§ Problem: For the data below, work out how many lines contain the word "roll" and supply only that number.
(Data section)
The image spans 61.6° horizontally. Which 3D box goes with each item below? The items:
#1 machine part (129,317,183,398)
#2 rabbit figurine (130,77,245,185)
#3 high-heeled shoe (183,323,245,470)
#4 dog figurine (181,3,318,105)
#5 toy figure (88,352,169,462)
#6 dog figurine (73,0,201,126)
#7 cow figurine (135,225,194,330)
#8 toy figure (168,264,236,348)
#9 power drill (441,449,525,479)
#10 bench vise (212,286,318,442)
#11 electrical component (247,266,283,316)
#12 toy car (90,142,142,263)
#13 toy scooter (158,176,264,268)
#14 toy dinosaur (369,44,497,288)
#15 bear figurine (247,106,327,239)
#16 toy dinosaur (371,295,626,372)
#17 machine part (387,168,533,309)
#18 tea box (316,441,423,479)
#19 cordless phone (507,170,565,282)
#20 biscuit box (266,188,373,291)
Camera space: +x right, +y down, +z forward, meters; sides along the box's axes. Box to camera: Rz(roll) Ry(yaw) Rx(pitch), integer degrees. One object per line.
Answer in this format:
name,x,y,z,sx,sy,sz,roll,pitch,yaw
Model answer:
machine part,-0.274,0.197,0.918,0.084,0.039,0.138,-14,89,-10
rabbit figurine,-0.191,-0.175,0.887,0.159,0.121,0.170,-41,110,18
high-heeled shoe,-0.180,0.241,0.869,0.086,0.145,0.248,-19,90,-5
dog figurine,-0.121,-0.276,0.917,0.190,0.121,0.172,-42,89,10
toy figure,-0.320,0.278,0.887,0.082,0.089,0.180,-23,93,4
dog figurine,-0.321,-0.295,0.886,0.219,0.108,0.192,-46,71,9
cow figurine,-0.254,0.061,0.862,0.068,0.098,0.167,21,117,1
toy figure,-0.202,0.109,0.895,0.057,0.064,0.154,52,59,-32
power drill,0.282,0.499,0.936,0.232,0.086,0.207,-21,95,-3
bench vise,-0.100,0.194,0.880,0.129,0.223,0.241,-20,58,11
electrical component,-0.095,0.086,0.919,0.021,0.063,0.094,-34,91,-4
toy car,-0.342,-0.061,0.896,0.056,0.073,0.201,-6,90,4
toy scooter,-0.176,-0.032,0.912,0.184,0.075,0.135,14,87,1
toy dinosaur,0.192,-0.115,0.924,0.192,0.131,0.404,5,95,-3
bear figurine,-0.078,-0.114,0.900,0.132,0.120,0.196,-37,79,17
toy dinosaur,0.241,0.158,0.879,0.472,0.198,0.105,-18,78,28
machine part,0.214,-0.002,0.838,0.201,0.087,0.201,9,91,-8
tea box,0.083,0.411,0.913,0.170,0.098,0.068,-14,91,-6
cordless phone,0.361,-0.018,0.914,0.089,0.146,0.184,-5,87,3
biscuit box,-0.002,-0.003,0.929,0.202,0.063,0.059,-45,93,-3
(End Data section)
§ Solution to the exercise: 2